◆ Task description
Return all lines in the data where the string "each" can be found.

(Data items)
== Segment start ==
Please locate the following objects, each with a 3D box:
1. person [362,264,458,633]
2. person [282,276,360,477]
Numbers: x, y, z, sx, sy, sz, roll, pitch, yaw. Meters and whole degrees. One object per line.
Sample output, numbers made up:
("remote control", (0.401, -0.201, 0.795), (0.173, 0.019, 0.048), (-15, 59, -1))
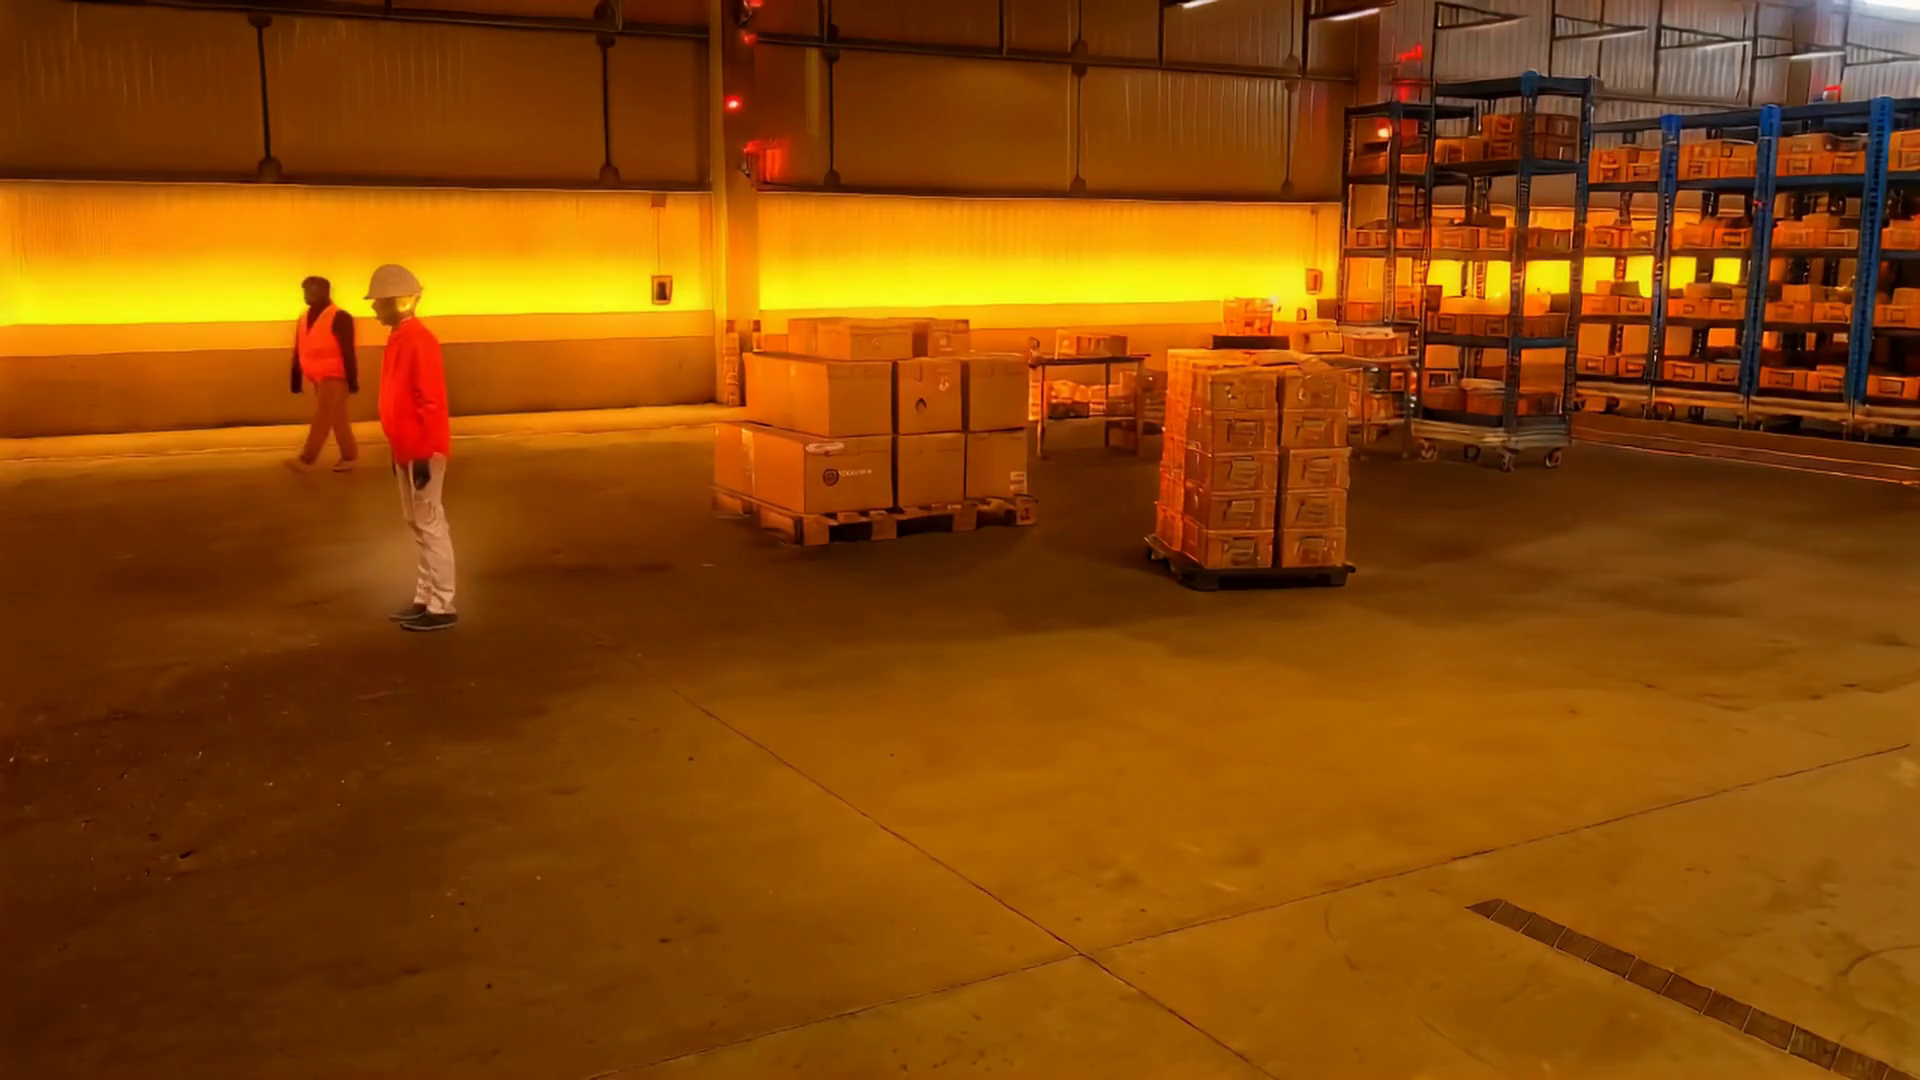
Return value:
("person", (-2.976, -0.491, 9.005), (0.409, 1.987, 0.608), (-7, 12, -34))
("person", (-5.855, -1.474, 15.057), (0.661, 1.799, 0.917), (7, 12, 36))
== Segment end ==
== Segment start ==
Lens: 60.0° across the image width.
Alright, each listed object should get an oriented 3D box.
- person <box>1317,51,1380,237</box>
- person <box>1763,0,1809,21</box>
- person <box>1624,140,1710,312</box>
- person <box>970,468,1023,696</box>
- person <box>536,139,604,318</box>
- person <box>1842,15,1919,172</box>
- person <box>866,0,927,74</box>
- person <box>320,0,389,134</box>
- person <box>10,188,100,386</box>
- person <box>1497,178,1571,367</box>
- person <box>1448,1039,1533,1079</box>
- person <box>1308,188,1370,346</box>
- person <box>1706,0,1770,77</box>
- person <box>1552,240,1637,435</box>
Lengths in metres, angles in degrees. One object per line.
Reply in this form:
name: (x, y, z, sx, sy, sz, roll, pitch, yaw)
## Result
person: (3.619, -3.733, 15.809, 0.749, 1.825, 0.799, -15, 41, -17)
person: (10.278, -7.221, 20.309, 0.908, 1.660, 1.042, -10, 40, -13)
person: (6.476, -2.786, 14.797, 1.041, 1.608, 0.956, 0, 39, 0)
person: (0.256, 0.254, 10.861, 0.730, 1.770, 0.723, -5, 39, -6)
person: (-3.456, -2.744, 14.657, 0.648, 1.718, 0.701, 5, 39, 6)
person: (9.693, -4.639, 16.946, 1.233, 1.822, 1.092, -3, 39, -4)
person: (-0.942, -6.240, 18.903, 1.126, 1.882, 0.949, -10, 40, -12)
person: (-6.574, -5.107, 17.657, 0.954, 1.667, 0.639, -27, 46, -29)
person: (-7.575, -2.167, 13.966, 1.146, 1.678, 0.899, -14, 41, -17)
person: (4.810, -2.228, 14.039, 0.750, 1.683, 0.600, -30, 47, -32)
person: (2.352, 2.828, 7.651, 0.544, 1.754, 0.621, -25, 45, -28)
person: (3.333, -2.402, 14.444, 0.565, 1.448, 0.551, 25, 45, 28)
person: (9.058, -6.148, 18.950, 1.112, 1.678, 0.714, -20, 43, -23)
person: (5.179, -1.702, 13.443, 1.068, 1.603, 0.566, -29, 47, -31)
== Segment end ==
◆ Solution to the exercise
Please locate the following objects, each with a 3D box:
Alright, each listed object should get an oriented 3D box.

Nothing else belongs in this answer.